I tested four PSM specifications, crossing two dimensions: whether or not to include the pre-treatment MME trend as a covariate, and whether to match with or without replacement. All specifications used logistic regression on standardized covariates (poverty rate, racial composition, mean MME per 1,000, mean mortality rate, and optionally the MME trend slope) to estimate the probability of being a Florida county, then matched each Florida county to its nearest control-county neighbor by propensity score distance.

Across all four specifications, Pennsylvania, Illinois, and Oklahoma consistently emerged as the states providing the best matches. This cross-specification consistency was the basis for selecting these three as the DiD control states. No single specification was treated as primary; the decision rested on the convergence of results across all four.

Pre-Post Analysis & DiD Model Setup

Before the full DiD (carried out by my collaborators), I produced a Florida-only pre-post analysis. For the 14 Florida counties with average population above 350,000, I computed yearly means with 95% confidence intervals and fitted separate LOWESS curves (frac = 0.7) for the pre-policy (2006 to 2009) and post-policy (2010 to 2015) periods.

Florida opioid shipments (MME per 1,000) from 2006 to 2015 with separate pre-policy and post-policy LOWESS curves and 95% confidence intervals.
Florida opioid shipments (MME per 1,000) with separate pre/post LOWESS curves. Shipments peaked around 2010, then declined substantially by 2015.
Florida overdose mortality rate per 100,000 from 2006 to 2015 with separate pre-policy and post-policy LOWESS curves and 95% confidence intervals.
Florida overdose mortality (per 100,000). Mortality declined after 2010, then partially rebounded by 2015, possibly reflecting the rise of illicit fentanyl.

I also wrote the formal DiD model specification used in the report appendix:

Yit = αi + λt + β · Treatedi · Postt + εit

where αi are county fixed effects, λt are year fixed effects, and β is the DiD estimand. Standard errors are clustered at the county level.

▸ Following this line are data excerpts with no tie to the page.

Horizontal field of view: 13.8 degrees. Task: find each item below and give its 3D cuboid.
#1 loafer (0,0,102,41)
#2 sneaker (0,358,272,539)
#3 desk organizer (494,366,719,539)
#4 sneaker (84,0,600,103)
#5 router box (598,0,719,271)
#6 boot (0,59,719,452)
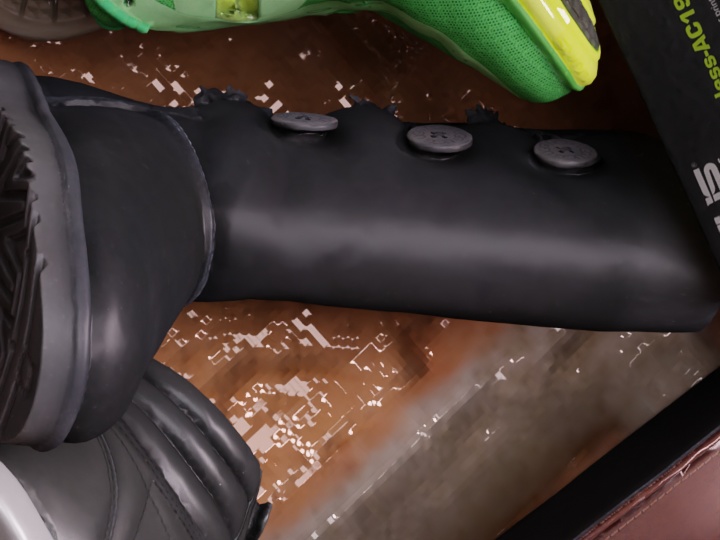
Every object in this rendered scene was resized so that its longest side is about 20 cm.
[{"bbox_3d":[-0.032,-0.137,0.823,0.200,0.068,0.076,-42,88,-4],"label":"loafer"},{"bbox_3d":[-0.049,0.109,0.767,0.099,0.071,0.200,-42,116,-48],"label":"sneaker"},{"bbox_3d":[0.089,0.089,0.816,0.200,0.072,0.077,-35,94,-20],"label":"desk organizer"},{"bbox_3d":[-0.030,-0.094,0.759,0.200,0.074,0.084,28,110,-2],"label":"sneaker"},{"bbox_3d":[0.113,-0.095,0.815,0.150,0.062,0.200,-12,78,-63],"label":"router box"},{"bbox_3d":[0.000,-0.001,0.765,0.200,0.165,0.066,9,117,-17],"label":"boot"}]

The main DiD estimation using this specification was then carried out by my collaborators.

Skills Summary

  • Multi-source data integration: merged four data sources in four different formats (parquet, state-by-state Excel files across two decades, yearly tab-separated text, Census API JSON) into a single county-year panel.
  • Entity resolution: built a county-name standardization function to resolve spelling inconsistencies across federal data sources (abbreviations, spacing, punctuation).
  • Propensity score matching: designed and executed a full PSM pipeline (covariate selection, logistic estimation, nearest-neighbor matching, multi-specification robustness) to select control states for a DiD design.
  • Event study: implemented an event-study regression with county fixed effects and clustered standard errors to assess parallel pre-treatment trends.
  • Census API and derived variables: pulled ACS estimates via the Census Bureau API and constructed rate variables for use as matching covariates.